We'll show here also the reuslt of using a small and large number of iterations.
In [7]:
iterations_few = 100
iterations_many = 5000
s = '{:<16} lik: {:.4f}, rmse: {:.4f}'
In [8]:
for iterations in [iterations_few, iterations_many]:
print('after {} iterations'.format(iterations))
for m, name in zip(models_single_layer, names_single_layer):
ScipyOptimizer().minimize(m, maxiter=iterations)
lik, rmse = batch_assess(m, assess_single_layer, Xs, Ys)
print(s.format(name, lik, rmse))
Now for the DGP models.
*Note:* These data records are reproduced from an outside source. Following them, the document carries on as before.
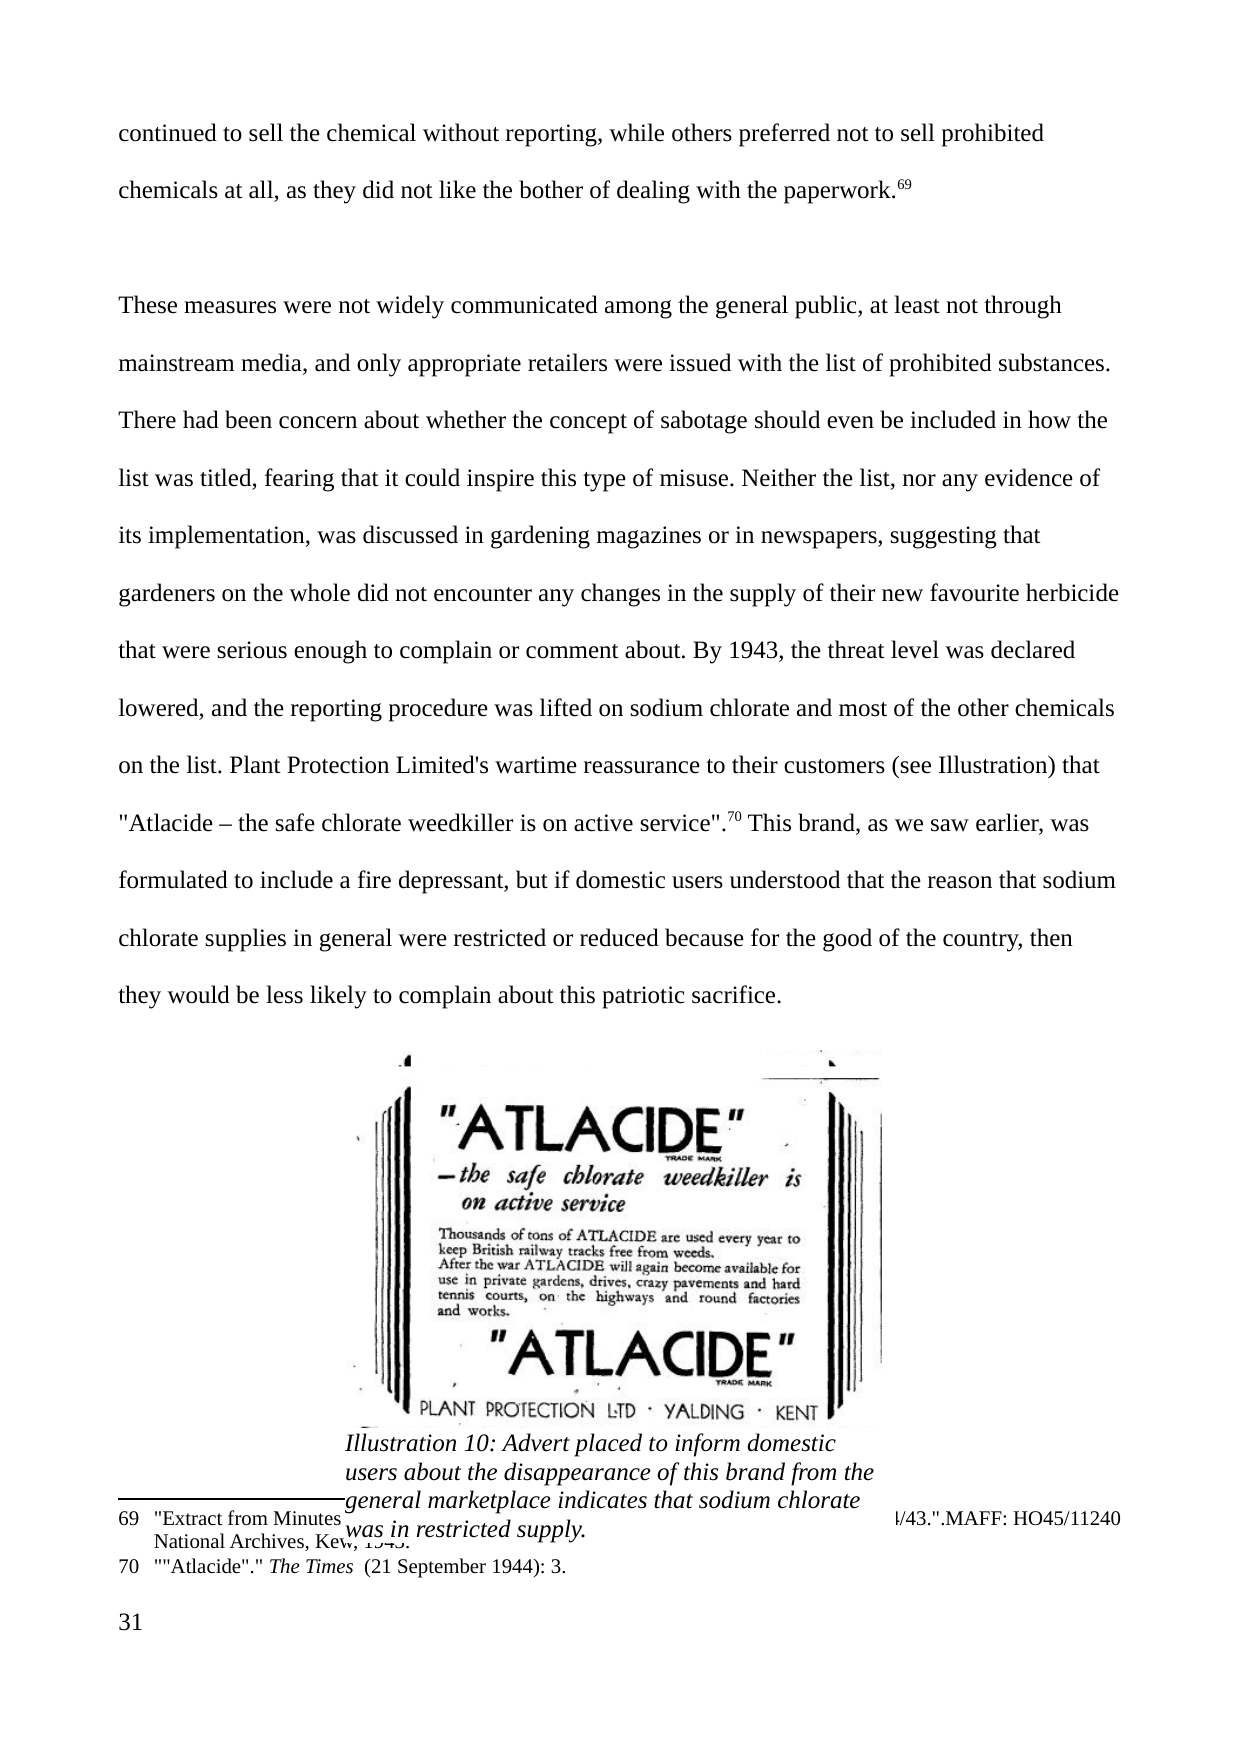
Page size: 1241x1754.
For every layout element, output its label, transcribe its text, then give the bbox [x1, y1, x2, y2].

text "Extract from Minutes of Special Branch Conference (Regional) Held at Reading on 29/4/43.".MAFF: HO45/11240 National Archives, Kew, 1943. [118, 1505, 1122, 1553]
picture [344, 1050, 896, 1428]
text These measures were not widely communicated among the general public, at least not through mainstream media, and only appropriate retailers were issued with the list of prohibited substances. There had been concern about whether the concept of sabotage should even be included in how the list was titled, fearing that it could inspire this type of misuse. Neither the list, nor any evidence of its implementation, was discussed in gardening magazines or in newspapers, suggesting that gardeners on the whole did not encounter any changes in the supply of their new favourite herbicide that were serious enough to complain or comment about. By 1943, the threat level was declared lowered, and the reporting procedure was lifted on sodium chlorate and most of the other chemicals on the list. Plant Protection Limited's wartime reassurance to their customers (see Illustration) that "Atlacide – the safe chlorate weedkiller is on active service". This brand, as we saw earlier, was formulated to include a fire depressant, but if domestic users understood that the reason that sodium chlorate supplies in general were restricted or reduced because for the good of the country, then they would be less likely to complain about this patriotic sacrifice. [118, 291, 1122, 1009]
text ""Atlacide"." The Times (21 September 1944): 3. [118, 1553, 1122, 1578]
text Illustration 10: Advert placed to inform domestic users about the disappearance of this brand from the general marketplace indicates that sodium chlorate was in restricted supply. [345, 1428, 896, 1543]
text continued to sell the chemical without reporting, while others preferred not to sell prohibited chemicals at all, as they did not like the bother of dealing with the paperwork. [118, 118, 1122, 204]

First we use Adam for all parameters (as in the Doubly Stochastic VI for DGPs paper)
In [9]:
for iterations in [iterations_few, iterations_many]:
print('after {} iterations'.format(iterations))
for m, name in zip(models_dgp, names_dgp):
AdamOptimizer(0.01).minimize(m, maxiter=iterations)
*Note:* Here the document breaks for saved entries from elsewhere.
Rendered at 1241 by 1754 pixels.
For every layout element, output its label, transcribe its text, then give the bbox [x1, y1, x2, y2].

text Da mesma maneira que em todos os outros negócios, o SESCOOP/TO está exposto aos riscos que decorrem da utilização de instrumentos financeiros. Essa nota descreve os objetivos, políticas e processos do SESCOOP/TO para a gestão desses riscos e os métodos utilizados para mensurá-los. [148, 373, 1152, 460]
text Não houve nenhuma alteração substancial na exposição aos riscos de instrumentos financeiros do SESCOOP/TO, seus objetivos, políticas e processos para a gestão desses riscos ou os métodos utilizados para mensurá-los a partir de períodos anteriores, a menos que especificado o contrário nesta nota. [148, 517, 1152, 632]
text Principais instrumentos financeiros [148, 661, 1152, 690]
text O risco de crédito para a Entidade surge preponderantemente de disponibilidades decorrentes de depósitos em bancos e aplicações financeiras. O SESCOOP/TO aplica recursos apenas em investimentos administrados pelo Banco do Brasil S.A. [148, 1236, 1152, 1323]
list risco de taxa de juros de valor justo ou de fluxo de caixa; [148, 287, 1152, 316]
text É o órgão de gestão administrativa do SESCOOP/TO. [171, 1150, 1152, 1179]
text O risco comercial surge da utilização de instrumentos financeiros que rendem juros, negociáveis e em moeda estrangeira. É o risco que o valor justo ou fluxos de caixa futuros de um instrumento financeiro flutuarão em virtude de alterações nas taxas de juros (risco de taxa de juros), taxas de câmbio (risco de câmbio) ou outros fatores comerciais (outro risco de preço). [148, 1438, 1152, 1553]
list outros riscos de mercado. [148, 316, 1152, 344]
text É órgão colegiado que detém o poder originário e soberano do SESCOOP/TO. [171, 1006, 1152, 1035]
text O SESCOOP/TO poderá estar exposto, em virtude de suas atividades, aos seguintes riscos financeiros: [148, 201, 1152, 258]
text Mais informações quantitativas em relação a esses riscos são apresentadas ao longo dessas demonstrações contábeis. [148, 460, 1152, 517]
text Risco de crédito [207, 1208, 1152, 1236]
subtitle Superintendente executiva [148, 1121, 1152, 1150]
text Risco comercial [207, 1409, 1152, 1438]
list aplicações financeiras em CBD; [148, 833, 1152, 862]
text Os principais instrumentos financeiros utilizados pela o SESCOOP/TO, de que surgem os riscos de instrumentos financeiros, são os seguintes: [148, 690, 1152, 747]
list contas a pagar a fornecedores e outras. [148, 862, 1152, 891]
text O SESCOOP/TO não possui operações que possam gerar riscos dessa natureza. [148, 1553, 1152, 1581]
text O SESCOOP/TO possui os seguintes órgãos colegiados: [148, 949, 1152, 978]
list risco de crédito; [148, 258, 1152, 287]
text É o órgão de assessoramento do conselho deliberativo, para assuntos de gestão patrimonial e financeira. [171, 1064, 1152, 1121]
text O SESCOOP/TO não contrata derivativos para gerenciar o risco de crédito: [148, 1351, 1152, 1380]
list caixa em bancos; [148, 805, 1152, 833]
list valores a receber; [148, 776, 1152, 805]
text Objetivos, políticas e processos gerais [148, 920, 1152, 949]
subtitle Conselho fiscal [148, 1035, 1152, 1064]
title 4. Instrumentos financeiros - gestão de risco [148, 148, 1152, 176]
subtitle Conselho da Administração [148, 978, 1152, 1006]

lik, rmse = batch_assess(m, assess_sampled, Xs, Ys)
print(s.format(name, lik, rmse))
We can also use natural gradients for the final layer, which can help considerably.
In [10]:
for iterations in [iterations_few, iterations_many]:
print('after {} iterations'.format(iterations))
for m, name in zip(models_dgp, names_dgp):
ng_vars = [[m.layers[-1].q_mu, m.layers[-1].q_sqrt]]
for v in ng_vars[0]:
v.set_trainable(False)
ng_action = NatGradOptimizer(gamma=0.1).make_optimize_action(m, var_list=ng_vars)
adam_action = AdamOptimizer(0.01).make_optimize_action(m)
Loop([ng_action, adam_action], stop=iterations)()
lik, rmse = batch_assess(m, assess_sampled, Xs, Ys)
print(s.format(name, lik, rmse))
Note that even after 100 iterations we get a good result, which is not the case using ordinary gradients.